Be sure to click here and watch this eerily creepy-good trailer of THE GIRL BEFORE.
L.L.: Clara is such a fractured character. She is both a victim and perpetrator. She feels a sense of guilt about what’s happened in her “home,” yet she feels responsible for it and wants to be punished. Did this response from her come as a surprise to you?
Rena Olsen: Not at all. As stated before, many might see Clara as naïve, but I have always seen her as strong. She was working with the information she’d been provided. Once she got new information and assimilated it into her worldview, she wanted to be held accountable for the things she had done. She could have taken the easy way out and assumed she couldn’t be held accountable for things she knew nothing about, but she stepped up. That is the very definition of courage, and exactly what I would have expected from her.
L.L.: A bit about your process: do you like to plot, or fly-by-the-seat-of-your-pants?
Rena Olsen: I’m typically a pantser. I know my destination, how the story is going to end, but the route is a mystery. My characters are always surprising me, and that’s truly where my creativity works best. However, it’s also a good way to get stuck sometimes, so this next time around, I’ve created an outline. How well I follow it remains to be seen!
L.L.: What’s obsessing you lately? What has your attention?

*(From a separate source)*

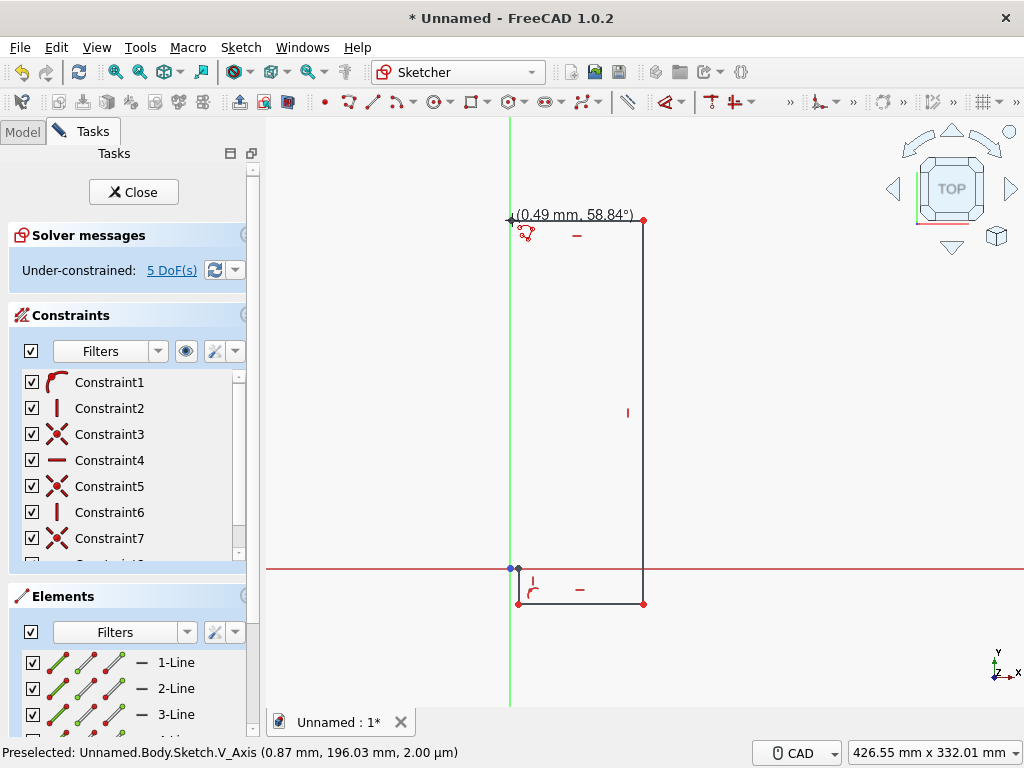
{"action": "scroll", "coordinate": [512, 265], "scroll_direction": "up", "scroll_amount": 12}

Rena Olsen: I tend to have a pretty obsessive personality but lately I’ve been so wrapped up in the book release, that’s had most of my attention. Between that and working my day job I don’t have time to obsess over anything else. I suppose my one obsession that doesn’t go away is Twitter. I can spent hours there.
L.L.: Is there anything I should have asked, but may have forgotten?
Rena Olsen: Well, you didn’t ask what my favorite food is, so you wisely avoided my continuous monologue pitting pizza against tacos. Also yes, I would cast Theo James as Connor in the movie of THE GIRL BEFORE, if it ever became a movie, and if I had any say in casting.
L.L.: Rena, it’s been enlightening having you here today. I wish you the best of luck with THE GIRL BEFORE.
Rena Olsen: Thank you so much! It’s been lovely chatting with you!